EXCERPTED RECORDS
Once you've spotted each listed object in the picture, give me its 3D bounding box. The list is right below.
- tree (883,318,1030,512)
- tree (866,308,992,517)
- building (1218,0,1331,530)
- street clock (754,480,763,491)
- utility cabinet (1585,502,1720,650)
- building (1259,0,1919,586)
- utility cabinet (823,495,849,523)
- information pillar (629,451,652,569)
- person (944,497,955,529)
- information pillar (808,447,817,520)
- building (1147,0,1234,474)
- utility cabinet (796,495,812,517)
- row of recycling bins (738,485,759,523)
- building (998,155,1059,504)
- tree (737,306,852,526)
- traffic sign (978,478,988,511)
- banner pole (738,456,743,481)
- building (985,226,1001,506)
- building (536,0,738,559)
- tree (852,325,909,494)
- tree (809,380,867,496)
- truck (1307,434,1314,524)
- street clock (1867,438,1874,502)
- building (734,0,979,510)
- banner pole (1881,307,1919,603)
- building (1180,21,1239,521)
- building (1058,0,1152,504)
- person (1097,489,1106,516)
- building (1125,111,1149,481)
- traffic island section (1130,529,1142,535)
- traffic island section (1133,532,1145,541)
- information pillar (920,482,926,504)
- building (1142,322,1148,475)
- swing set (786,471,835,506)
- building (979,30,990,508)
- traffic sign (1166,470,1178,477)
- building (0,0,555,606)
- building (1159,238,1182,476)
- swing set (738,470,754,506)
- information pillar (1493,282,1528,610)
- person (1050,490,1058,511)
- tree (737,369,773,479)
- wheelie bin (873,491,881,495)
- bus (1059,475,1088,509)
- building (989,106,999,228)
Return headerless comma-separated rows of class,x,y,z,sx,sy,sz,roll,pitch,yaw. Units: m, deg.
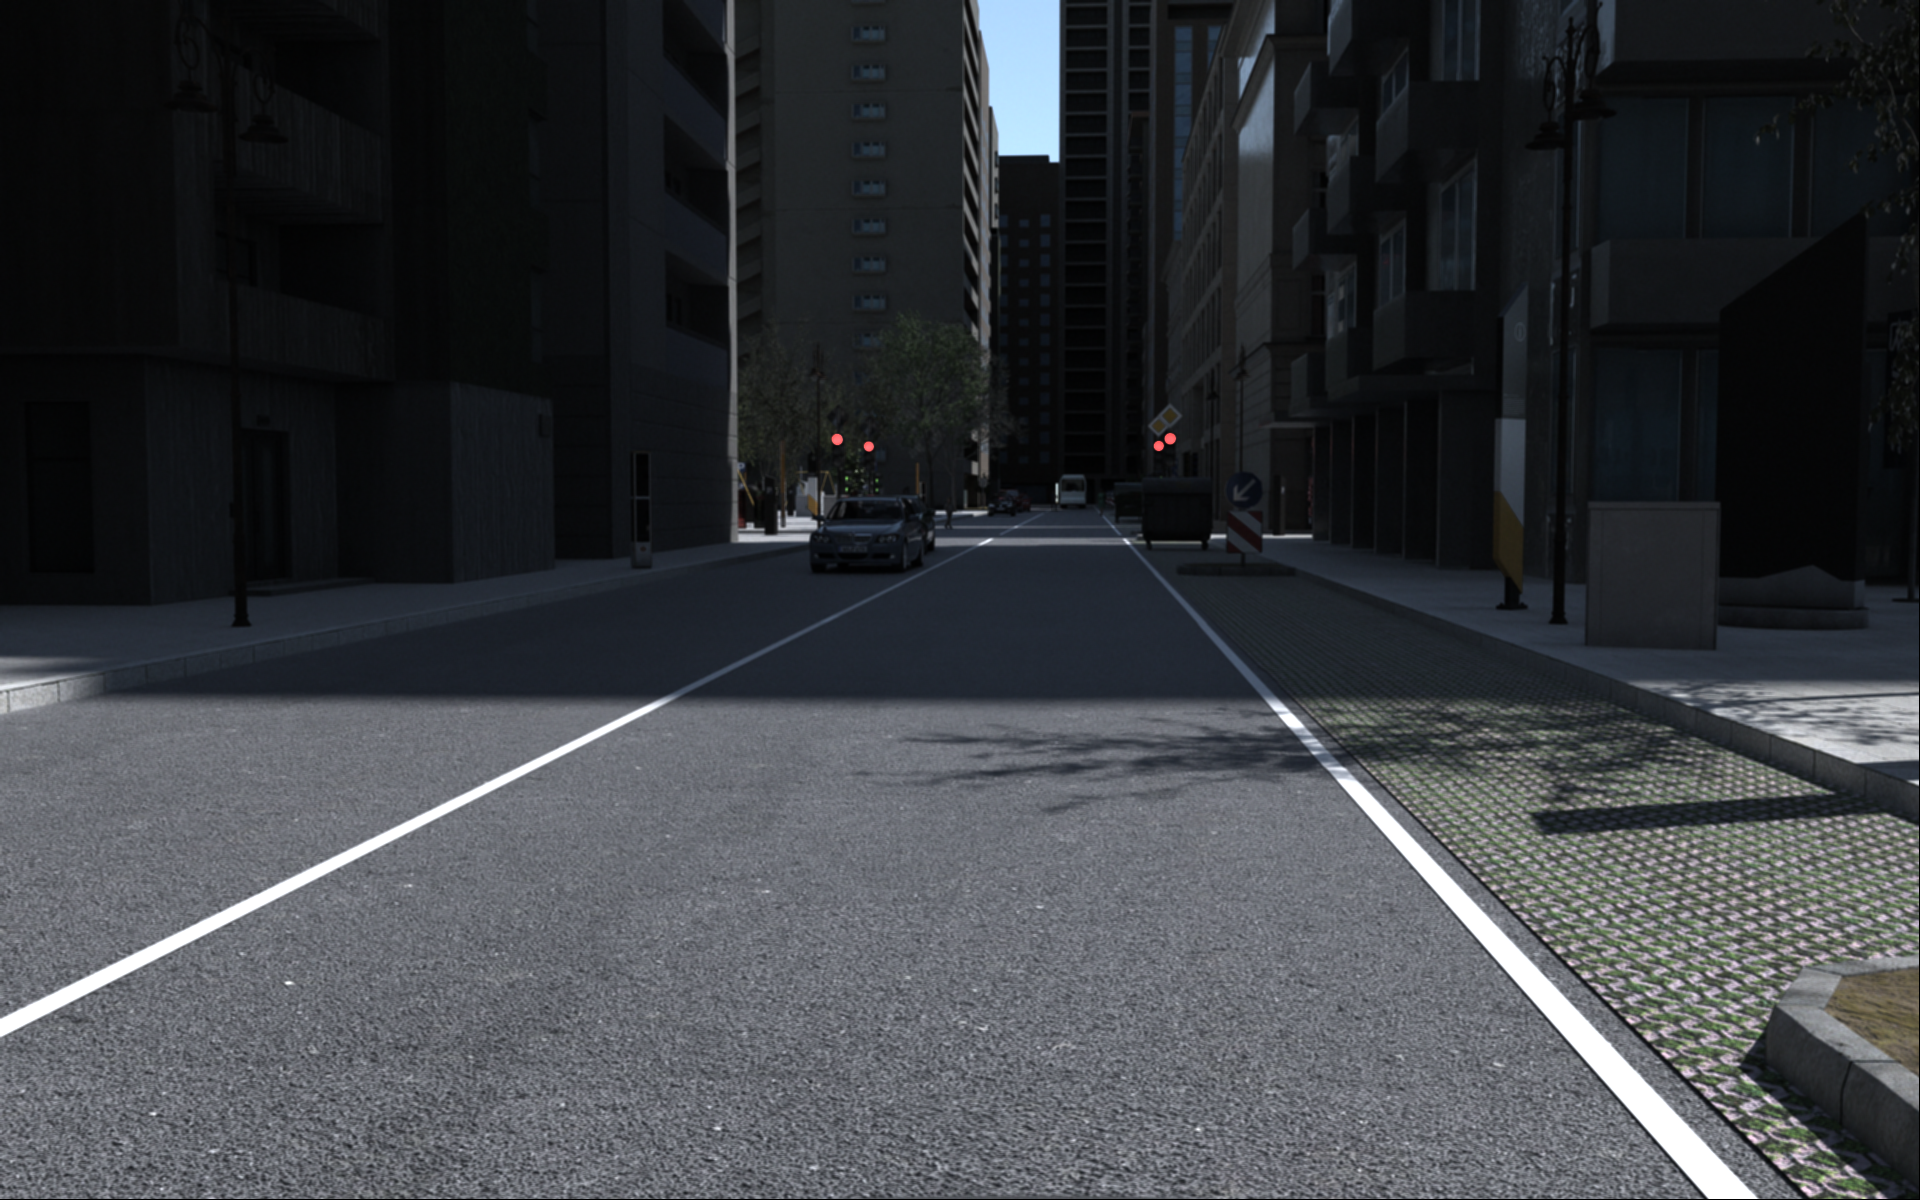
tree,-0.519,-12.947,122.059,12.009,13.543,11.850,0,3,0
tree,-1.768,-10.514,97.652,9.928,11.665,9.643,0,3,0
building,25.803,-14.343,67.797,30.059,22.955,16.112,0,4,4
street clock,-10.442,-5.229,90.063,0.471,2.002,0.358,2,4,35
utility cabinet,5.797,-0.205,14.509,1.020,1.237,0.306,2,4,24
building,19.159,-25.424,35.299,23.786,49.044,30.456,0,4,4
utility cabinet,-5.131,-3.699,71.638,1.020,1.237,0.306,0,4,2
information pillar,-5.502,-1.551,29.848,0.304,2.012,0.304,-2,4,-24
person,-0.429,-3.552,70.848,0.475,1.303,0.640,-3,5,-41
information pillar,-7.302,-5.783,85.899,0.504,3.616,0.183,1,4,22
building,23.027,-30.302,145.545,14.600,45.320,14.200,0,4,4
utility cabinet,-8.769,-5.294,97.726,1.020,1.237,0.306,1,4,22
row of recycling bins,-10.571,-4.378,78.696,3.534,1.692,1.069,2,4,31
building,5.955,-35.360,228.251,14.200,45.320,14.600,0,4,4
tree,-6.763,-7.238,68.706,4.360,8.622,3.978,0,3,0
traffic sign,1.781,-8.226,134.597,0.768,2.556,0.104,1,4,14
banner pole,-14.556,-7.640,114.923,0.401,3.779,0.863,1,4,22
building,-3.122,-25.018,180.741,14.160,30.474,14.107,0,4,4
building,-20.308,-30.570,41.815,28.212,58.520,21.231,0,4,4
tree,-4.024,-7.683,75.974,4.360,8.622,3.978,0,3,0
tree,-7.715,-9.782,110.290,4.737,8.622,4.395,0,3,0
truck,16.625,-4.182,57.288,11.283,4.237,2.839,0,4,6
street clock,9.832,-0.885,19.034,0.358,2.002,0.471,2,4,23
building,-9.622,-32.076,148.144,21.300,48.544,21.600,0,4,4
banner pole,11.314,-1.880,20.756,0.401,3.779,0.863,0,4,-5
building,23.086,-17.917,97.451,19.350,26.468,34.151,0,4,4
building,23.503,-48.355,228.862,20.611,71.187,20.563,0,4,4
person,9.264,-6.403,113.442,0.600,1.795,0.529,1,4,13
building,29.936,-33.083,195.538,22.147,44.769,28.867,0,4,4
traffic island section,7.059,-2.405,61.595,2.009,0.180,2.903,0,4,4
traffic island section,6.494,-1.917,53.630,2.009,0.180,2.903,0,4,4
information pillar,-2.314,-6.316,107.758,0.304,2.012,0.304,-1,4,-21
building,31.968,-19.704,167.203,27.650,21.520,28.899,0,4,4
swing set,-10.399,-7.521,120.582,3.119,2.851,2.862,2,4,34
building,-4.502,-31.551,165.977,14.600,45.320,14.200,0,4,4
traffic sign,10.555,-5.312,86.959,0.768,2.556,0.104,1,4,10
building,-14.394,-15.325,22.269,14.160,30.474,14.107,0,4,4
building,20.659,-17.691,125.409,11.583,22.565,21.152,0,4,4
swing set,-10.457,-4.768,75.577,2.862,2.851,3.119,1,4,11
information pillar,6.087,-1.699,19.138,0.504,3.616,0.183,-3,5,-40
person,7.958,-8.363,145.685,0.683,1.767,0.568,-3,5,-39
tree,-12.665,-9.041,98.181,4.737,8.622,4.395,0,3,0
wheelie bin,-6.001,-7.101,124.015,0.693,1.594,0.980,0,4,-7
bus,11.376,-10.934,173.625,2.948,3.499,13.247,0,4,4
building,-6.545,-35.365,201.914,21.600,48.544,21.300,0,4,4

EXERCISE INSTRUCTIONS
The records must be copied with no word altered, and without their pictures.

WRITTEN RESPONSE
Once you've spotted each listed object in the picture, give me its 3D bounding box. The list is right below.
- tree (883,318,1030,512)
- tree (866,308,992,517)
- building (1218,0,1331,530)
- street clock (754,480,763,491)
- utility cabinet (1585,502,1720,650)
- building (1259,0,1919,586)
- utility cabinet (823,495,849,523)
- information pillar (629,451,652,569)
- person (944,497,955,529)
- information pillar (808,447,817,520)
- building (1147,0,1234,474)
- utility cabinet (796,495,812,517)
- row of recycling bins (738,485,759,523)
- building (998,155,1059,504)
- tree (737,306,852,526)
- traffic sign (978,478,988,511)
- banner pole (738,456,743,481)
- building (985,226,1001,506)
- building (536,0,738,559)
- tree (852,325,909,494)
- tree (809,380,867,496)
- truck (1307,434,1314,524)
- street clock (1867,438,1874,502)
- building (734,0,979,510)
- banner pole (1881,307,1919,603)
- building (1180,21,1239,521)
- building (1058,0,1152,504)
- person (1097,489,1106,516)
- building (1125,111,1149,481)
- traffic island section (1130,529,1142,535)
- traffic island section (1133,532,1145,541)
- information pillar (920,482,926,504)
- building (1142,322,1148,475)
- swing set (786,471,835,506)
- building (979,30,990,508)
- traffic sign (1166,470,1178,477)
- building (0,0,555,606)
- building (1159,238,1182,476)
- swing set (738,470,754,506)
- information pillar (1493,282,1528,610)
- person (1050,490,1058,511)
- tree (737,369,773,479)
- wheelie bin (873,491,881,495)
- bus (1059,475,1088,509)
- building (989,106,999,228)
Return headerless comma-separated rows of class,x,y,z,sx,sy,sz,roll,pitch,yaw. Units: m, deg.
tree,-0.519,-12.947,122.059,12.009,13.543,11.850,0,3,0
tree,-1.768,-10.514,97.652,9.928,11.665,9.643,0,3,0
building,25.803,-14.343,67.797,30.059,22.955,16.112,0,4,4
street clock,-10.442,-5.229,90.063,0.471,2.002,0.358,2,4,35
utility cabinet,5.797,-0.205,14.509,1.020,1.237,0.306,2,4,24
building,19.159,-25.424,35.299,23.786,49.044,30.456,0,4,4
utility cabinet,-5.131,-3.699,71.638,1.020,1.237,0.306,0,4,2
information pillar,-5.502,-1.551,29.848,0.304,2.012,0.304,-2,4,-24
person,-0.429,-3.552,70.848,0.475,1.303,0.640,-3,5,-41
information pillar,-7.302,-5.783,85.899,0.504,3.616,0.183,1,4,22
building,23.027,-30.302,145.545,14.600,45.320,14.200,0,4,4
utility cabinet,-8.769,-5.294,97.726,1.020,1.237,0.306,1,4,22
row of recycling bins,-10.571,-4.378,78.696,3.534,1.692,1.069,2,4,31
building,5.955,-35.360,228.251,14.200,45.320,14.600,0,4,4
tree,-6.763,-7.238,68.706,4.360,8.622,3.978,0,3,0
traffic sign,1.781,-8.226,134.597,0.768,2.556,0.104,1,4,14
banner pole,-14.556,-7.640,114.923,0.401,3.779,0.863,1,4,22
building,-3.122,-25.018,180.741,14.160,30.474,14.107,0,4,4
building,-20.308,-30.570,41.815,28.212,58.520,21.231,0,4,4
tree,-4.024,-7.683,75.974,4.360,8.622,3.978,0,3,0
tree,-7.715,-9.782,110.290,4.737,8.622,4.395,0,3,0
truck,16.625,-4.182,57.288,11.283,4.237,2.839,0,4,6
street clock,9.832,-0.885,19.034,0.358,2.002,0.471,2,4,23
building,-9.622,-32.076,148.144,21.300,48.544,21.600,0,4,4
banner pole,11.314,-1.880,20.756,0.401,3.779,0.863,0,4,-5
building,23.086,-17.917,97.451,19.350,26.468,34.151,0,4,4
building,23.503,-48.355,228.862,20.611,71.187,20.563,0,4,4
person,9.264,-6.403,113.442,0.600,1.795,0.529,1,4,13
building,29.936,-33.083,195.538,22.147,44.769,28.867,0,4,4
traffic island section,7.059,-2.405,61.595,2.009,0.180,2.903,0,4,4
traffic island section,6.494,-1.917,53.630,2.009,0.180,2.903,0,4,4
information pillar,-2.314,-6.316,107.758,0.304,2.012,0.304,-1,4,-21
building,31.968,-19.704,167.203,27.650,21.520,28.899,0,4,4
swing set,-10.399,-7.521,120.582,3.119,2.851,2.862,2,4,34
building,-4.502,-31.551,165.977,14.600,45.320,14.200,0,4,4
traffic sign,10.555,-5.312,86.959,0.768,2.556,0.104,1,4,10
building,-14.394,-15.325,22.269,14.160,30.474,14.107,0,4,4
building,20.659,-17.691,125.409,11.583,22.565,21.152,0,4,4
swing set,-10.457,-4.768,75.577,2.862,2.851,3.119,1,4,11
information pillar,6.087,-1.699,19.138,0.504,3.616,0.183,-3,5,-40
person,7.958,-8.363,145.685,0.683,1.767,0.568,-3,5,-39
tree,-12.665,-9.041,98.181,4.737,8.622,4.395,0,3,0
wheelie bin,-6.001,-7.101,124.015,0.693,1.594,0.980,0,4,-7
bus,11.376,-10.934,173.625,2.948,3.499,13.247,0,4,4
building,-6.545,-35.365,201.914,21.600,48.544,21.300,0,4,4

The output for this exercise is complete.